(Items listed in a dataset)
* * * * * * *
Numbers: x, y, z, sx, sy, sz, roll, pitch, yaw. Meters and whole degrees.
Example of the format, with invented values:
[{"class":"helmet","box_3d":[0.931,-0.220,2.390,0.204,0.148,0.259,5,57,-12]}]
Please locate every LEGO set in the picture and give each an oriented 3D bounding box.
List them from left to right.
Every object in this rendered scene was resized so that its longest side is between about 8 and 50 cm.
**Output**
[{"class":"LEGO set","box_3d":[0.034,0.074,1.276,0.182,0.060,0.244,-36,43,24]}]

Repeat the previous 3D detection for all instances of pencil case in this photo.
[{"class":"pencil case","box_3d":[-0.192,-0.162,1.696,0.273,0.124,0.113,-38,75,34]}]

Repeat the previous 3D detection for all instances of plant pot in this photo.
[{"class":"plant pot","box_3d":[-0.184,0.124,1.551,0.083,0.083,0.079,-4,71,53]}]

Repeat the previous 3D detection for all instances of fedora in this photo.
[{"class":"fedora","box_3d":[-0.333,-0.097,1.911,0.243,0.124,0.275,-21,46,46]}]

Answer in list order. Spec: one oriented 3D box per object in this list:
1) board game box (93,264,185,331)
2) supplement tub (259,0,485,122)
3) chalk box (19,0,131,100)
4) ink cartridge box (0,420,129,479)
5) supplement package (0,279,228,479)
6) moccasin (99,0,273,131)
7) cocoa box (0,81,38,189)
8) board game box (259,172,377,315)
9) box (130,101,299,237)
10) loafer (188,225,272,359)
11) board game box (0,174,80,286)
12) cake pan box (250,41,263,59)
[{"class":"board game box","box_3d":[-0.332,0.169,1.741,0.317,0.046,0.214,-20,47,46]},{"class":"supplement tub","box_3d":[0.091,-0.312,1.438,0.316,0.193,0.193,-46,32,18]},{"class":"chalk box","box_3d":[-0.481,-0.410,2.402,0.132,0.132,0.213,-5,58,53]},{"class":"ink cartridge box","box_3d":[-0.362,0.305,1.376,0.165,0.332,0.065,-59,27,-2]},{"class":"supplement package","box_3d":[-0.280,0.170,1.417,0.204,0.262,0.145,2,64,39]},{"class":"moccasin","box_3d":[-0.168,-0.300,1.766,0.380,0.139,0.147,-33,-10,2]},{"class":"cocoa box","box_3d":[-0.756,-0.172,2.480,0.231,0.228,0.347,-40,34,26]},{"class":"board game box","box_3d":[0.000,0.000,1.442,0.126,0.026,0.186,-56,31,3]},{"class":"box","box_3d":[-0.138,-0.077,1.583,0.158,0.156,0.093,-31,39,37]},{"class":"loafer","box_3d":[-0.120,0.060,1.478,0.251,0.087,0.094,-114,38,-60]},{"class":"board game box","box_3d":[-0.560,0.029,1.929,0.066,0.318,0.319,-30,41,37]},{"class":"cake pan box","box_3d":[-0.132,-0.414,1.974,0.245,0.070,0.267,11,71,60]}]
* * * * * * *
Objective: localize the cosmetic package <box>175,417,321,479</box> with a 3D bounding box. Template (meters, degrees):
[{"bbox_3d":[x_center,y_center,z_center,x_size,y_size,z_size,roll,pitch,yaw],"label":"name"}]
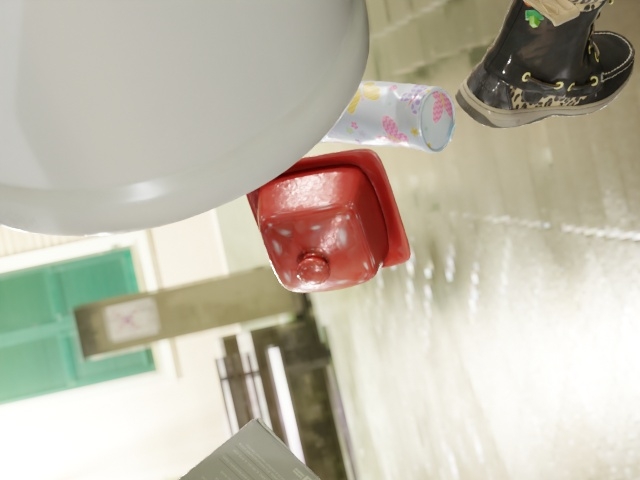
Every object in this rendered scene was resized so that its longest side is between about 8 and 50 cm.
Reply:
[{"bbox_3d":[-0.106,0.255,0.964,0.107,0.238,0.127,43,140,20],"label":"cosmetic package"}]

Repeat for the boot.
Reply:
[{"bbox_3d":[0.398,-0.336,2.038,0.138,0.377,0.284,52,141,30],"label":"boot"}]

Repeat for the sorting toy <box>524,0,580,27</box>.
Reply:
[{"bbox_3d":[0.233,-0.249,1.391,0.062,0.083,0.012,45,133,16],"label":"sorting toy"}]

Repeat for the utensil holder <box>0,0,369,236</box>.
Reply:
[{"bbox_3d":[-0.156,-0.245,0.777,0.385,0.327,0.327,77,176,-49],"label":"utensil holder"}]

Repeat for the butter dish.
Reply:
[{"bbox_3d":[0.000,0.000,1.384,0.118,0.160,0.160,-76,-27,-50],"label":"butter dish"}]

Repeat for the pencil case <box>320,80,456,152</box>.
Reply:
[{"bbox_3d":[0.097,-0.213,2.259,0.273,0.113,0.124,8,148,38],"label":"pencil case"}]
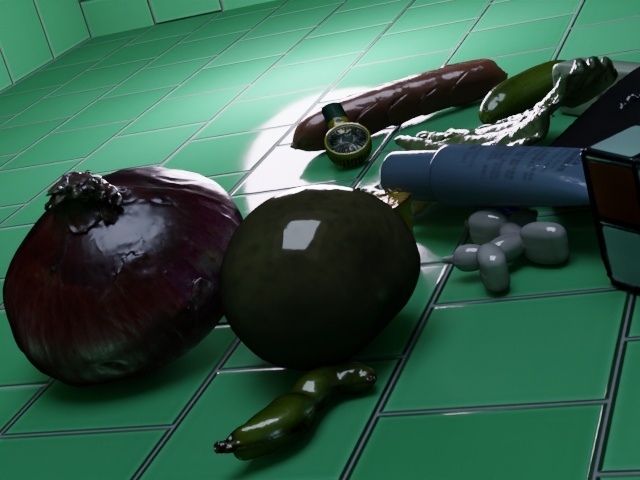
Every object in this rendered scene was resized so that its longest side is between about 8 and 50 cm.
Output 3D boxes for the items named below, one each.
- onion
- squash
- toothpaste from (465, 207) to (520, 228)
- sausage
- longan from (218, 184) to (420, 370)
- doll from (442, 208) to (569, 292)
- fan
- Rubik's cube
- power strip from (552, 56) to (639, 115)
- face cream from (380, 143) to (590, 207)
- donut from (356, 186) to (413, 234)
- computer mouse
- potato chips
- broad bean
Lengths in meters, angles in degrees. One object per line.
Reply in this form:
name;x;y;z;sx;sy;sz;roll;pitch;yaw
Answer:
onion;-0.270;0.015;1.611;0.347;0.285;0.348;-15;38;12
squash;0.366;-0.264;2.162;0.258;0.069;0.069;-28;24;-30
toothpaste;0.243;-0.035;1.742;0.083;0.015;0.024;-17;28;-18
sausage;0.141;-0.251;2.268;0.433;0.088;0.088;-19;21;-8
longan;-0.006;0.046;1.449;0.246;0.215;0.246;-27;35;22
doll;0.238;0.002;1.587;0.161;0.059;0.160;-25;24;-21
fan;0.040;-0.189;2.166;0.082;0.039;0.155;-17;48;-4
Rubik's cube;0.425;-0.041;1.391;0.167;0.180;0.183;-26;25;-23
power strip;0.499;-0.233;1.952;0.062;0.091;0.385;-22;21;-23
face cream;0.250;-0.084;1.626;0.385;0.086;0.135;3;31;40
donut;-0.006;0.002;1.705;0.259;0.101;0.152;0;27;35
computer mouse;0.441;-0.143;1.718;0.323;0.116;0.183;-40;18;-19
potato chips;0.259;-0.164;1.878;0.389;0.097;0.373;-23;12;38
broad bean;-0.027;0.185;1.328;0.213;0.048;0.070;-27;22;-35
* * * * * * *
* **Task details**:
Repeat the entries above verbatim, but only from the line that has "8) board game box (259,172,377,315)" down to the line that has "11) board game box (0,174,80,286)", inclusive.

* **Your solution**:
8) board game box (259,172,377,315)
9) box (130,101,299,237)
10) loafer (188,225,272,359)
11) board game box (0,174,80,286)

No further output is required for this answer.